- Падал прошлогодний снег
- Directed by: Alexander Tatarsky
- Written by: Sergey Ivanov
- Narrated by: Stanislav Sadalsky
- Cinematography: Iosif Golomb
- Edited by: Lyubov Georgieva
- Music by: Grigory Gladkov
- Production company: Studio Ekran
- Distributed by: Gosteleradio USSR
- Release date: 1983;
- Running time: 19 min.
- Country: Soviet Union
- Language: Russian

= Last Year's Snow Was Falling =

1983 clay animation film directed by Alexander Tatarsky

Last Year's Snow Was Falling (Падал прошлогодний снег; translit. Padal proshlogodniy sneg) is a 1983 Soviet clay-animated film directed by Alexander Tatarsky (T/O Ekran studio).

The film reached a cult status after its first appearance on Central TV. The aphoristic remarks of the characters, full of absurd humor, turned into colloquial proverbs.

For this work Tatarsky received the Silver Cooker award at the 1983 Varna International Film Festival.

Loosely based on some folk fairy tales.

==Plot==
The protagonist is a lazy, ignorant but tricky man. He also suffers from dyslalia (speech disorder). He likes beer and always gets into ridiculous situations. Fortunately he has a strict and authoritative wife. The story begins when his wife sends him to bring a New Year tree from the forest. But the forest in the winter is a magic place full of surprising events and transformations. Entangled in the miracles, having lost and found his own image more than once, the man goes back home with empty hands.

The plot includes two interrelated stories – about the man's dreams and about incredible transformations inside the magic cabin on chicken legs. The first story is based on the fairy tale about a greedy man who saw a rabbit in the forest, daydreamed about growing rich on it, and frightened it away with a shout.

The narrator closes the story by saying that the man eventually got the tree, but it was already spring by that time, so he had to bring it back.

== Censorship ==
The absurd style of narration raised censors' suspicions that the film contains encoded messages to foreign intelligence. Tatarsky was also told the main character of his animation was disrespectful to the image of the common Russian man (you have just one character in the film and he is an idiot).

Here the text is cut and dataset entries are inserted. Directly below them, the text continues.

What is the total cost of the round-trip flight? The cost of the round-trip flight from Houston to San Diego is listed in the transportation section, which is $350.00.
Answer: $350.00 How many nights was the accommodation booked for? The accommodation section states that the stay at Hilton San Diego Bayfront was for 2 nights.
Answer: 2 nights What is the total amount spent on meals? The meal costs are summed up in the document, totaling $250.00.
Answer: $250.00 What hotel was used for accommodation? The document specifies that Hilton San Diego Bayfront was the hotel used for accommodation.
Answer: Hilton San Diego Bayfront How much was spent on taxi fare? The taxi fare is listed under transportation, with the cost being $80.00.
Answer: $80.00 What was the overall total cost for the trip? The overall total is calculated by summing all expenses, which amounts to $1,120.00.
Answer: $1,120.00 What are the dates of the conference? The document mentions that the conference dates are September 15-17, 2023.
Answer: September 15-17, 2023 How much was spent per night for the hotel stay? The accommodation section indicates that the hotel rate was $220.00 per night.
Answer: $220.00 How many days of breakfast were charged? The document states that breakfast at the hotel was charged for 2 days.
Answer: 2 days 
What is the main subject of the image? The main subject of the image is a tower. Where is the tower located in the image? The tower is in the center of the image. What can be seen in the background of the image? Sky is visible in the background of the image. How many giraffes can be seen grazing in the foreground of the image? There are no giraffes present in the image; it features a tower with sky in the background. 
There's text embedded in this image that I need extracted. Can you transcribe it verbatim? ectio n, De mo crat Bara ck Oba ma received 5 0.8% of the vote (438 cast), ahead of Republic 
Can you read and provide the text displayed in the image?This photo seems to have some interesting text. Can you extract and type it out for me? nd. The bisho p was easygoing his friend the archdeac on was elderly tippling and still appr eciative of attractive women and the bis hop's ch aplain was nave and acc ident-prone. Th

Some phrases that later became colloquial (Who is here, for example, the last in line for the Tsar position? Nobody?! Then I'll be the First!) were defended by Tatarsky and Ivanov with scandals. Despite their attempts the film was sent "for revision". It was cut anew and redubbed.

== Other facts ==
- Sadalsky did not appear in the credits. Shortly before the final cut, the actor was arrested inside the Cosmos Hotel with a foreign citizen. The information against Sadalsky was reported to Gosteleradio director Sergei Lapin who ordered the removal of Sadalsky's name from the credits as a penalty for forbidden relations with foreigners.